Saturday, December 8, 2007

The Road to Hell

A word or two about cobbles. To the uninitiated, they bring to mind the faux-Dickensian charm of the English market town or the classic chic of a quiet Parisian quartier. These are not the cobbles of Paris-Roubaix. The Flemish farmers who built many of these roads were unconcerned with aesthetics and style; they simply wanted to drive their carts from one place to another, but for much of the year the tracks were muddy and impassable. So they laid substantial bricks of granite, roughly the size of a family loaf, in loosely connected patterns, just close enough to ease the passage of an animal or a steel-rimmed wooden cartwheel.


The first such roads in this area were built by the Romans, although you imagine their efforts may have been more uniform and stylish. And some others date from the heyday of the mining industry, whose remnants litter the area - disused shafts, slag heaps, rusting machinery. The cobbled tracks were buckled, beaten and distorted by coal trucks, some pulled by animals, some by gangs of men and boys. Emile Zola’s great socialist novel Germinal is set in the mining village of Mareciennes, on the edge of the Arenberg Forest where today’s racers get their first taste of the real Roubaix cobbles. Germinal paints a grim picture of life, suffering and death in the nineteenth-century mines; existence in this region has never been easy.

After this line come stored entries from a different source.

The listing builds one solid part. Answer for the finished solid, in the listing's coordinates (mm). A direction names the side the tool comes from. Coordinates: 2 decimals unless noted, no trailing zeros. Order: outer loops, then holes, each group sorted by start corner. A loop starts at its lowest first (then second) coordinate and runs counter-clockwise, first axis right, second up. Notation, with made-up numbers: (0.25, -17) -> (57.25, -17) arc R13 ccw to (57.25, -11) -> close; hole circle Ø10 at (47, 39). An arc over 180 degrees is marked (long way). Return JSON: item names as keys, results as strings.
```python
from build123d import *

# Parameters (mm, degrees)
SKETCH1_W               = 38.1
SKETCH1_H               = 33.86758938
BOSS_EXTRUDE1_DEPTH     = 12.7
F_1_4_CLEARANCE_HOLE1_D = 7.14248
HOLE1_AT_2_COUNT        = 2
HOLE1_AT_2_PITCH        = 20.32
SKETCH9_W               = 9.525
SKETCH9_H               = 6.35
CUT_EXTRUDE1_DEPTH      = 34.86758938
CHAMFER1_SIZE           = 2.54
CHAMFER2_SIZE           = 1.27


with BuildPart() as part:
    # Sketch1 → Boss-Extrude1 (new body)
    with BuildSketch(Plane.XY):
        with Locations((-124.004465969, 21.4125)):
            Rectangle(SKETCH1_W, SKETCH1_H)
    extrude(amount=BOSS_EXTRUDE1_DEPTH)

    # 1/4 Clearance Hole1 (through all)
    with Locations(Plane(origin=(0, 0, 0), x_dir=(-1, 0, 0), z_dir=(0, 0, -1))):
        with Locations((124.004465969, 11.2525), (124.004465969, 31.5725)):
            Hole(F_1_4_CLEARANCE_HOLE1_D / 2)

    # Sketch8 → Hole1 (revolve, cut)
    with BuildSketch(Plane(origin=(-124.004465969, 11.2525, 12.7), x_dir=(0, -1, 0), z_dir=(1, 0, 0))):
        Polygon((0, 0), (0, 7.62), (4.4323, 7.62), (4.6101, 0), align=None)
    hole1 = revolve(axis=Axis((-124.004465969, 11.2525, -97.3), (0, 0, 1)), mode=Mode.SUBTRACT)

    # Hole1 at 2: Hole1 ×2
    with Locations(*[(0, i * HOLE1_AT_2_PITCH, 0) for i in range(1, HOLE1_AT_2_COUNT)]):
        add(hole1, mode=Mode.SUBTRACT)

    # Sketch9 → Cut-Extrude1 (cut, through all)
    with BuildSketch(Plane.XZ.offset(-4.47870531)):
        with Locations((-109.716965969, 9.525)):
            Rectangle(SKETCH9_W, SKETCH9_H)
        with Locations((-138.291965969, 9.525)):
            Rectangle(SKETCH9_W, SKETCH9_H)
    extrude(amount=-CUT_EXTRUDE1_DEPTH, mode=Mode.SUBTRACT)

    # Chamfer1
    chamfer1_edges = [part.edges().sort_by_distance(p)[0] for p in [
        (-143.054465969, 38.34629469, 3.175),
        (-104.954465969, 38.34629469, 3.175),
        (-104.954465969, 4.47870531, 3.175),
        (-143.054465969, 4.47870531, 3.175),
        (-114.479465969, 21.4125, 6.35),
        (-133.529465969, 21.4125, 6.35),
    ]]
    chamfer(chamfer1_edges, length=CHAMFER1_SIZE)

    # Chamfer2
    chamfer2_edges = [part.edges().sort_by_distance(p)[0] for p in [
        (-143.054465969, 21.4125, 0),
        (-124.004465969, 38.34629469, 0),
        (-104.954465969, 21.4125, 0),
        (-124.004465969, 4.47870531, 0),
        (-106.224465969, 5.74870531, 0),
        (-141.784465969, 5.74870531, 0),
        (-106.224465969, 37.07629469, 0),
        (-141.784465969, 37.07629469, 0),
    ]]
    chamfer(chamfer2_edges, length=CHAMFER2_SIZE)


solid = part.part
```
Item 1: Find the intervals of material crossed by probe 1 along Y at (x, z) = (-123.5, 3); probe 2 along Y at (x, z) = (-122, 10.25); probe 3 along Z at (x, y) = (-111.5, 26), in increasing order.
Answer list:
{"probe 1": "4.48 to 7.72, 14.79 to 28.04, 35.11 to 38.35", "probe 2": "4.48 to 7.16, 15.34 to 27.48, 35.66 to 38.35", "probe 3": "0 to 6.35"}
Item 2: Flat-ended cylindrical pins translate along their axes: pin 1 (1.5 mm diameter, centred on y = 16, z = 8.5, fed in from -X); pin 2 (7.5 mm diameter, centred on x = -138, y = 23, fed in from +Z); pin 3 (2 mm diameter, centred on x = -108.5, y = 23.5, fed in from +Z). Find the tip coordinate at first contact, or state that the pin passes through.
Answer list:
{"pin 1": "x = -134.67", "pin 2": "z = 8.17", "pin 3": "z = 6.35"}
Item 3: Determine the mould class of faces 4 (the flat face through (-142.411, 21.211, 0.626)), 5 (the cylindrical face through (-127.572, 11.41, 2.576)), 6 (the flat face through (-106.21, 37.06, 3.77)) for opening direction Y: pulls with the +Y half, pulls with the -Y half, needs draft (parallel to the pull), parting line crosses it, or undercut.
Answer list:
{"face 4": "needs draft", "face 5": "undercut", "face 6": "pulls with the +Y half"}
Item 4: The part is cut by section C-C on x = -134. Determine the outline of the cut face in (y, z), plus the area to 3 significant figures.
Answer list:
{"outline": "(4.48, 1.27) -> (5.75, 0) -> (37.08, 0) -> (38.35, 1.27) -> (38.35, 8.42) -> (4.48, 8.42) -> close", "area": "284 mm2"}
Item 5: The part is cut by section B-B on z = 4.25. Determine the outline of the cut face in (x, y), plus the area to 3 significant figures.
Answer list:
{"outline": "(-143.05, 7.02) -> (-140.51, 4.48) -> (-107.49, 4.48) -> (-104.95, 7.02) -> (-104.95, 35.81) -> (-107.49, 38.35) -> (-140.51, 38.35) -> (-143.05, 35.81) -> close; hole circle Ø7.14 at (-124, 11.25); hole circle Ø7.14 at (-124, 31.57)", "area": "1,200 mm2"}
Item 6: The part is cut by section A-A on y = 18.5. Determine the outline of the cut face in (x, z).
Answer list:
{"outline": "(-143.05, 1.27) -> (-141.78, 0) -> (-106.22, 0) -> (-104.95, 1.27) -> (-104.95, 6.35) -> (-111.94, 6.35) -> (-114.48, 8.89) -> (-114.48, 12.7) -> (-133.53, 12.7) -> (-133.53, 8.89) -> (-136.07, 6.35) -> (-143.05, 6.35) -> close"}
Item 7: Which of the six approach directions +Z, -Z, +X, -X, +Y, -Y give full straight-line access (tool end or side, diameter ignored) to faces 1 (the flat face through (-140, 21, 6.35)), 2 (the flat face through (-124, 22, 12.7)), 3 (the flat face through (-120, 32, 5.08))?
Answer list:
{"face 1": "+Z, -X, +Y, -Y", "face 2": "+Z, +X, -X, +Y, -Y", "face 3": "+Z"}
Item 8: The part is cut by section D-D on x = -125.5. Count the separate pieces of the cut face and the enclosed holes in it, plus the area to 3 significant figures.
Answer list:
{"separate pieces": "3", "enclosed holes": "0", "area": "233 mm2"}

Cobbled roads were relatively simple to build and maintain, but their days were numbered after the invention of Tarmac in the mid 19th-century. This mixture of tar and stone chippings, developed by the Scottish engineer John McAdam, was easy to apply, waterproof, smooth and grippy – even in the wet. It was the perfect platform for that other 19th-century invention – the internal combustion engine. Together, they revolutionised the world. As motor vehicles spread across Europe, so cobbled and dirt roads disappeared under their black sticky nemesis.

Apart from the rural backwoods of Northern France, where few saw the need to spend hard-earned francs improving roads which were lightly used – and then only by cattle, tractors and the odd farm truck. And wasn’t that symbol of French practicality, the Citroen 2CV, blessed with suspension specifically designed for just such surfaces? While the main routes between towns and villages increasingly became smooth streams of tarmac, on the back roads, the cobble stayed King.